July 2 (CWR) - Dallas: There is no question that this Texas city will figure prominently when historians write the story of the current Church sex scandal. Will it be as the place where the US bishops first attempted to deal together with the worst crisis in American Catholic history? Or will it be where a discredited and unpopular bishop set a new standard in grasping for power as his diocese continued a long slide under his leadership? Fast-breaking events in Dallas this spring may answer the question.

Before the bishops' conference gathering here last summer made Dallas a byword for the reform policies, the city's name was shorthand in Catholic circles for the worst abuse-related courtroom disaster in Church history.
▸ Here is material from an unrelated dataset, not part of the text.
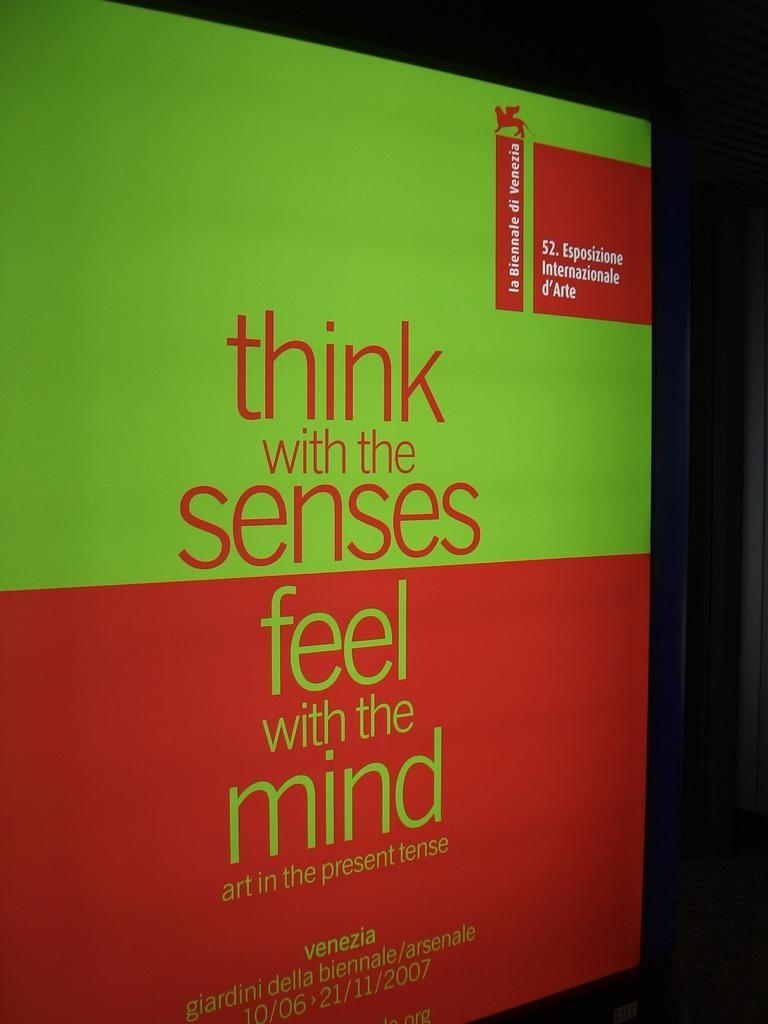<image>
Present a compact description of the photo's key features. Green and red box says think with the senses, feel with the mindl

In 1997, a civil jury found the diocese liable for sexual abuse committed by Father Rudy Kos, and awarded his 11 male victims and their families nearly $120 million--a record sum later reduced to $31 million in a settlement.

The Kos trial put Bishop Charles V. Grahman--then, as now, the Dallas ordinary--in a terrible light, as it did his predecessor, Bishop Thomas Tschoepe. Evidence showed that Tschoepe, who had been bishop for nearly the entire period of Kos' abuse, and his top aide Msgr. Robert Rehkemper, were frequently made aware of the pedophile priest's deeds, and did little or nothing.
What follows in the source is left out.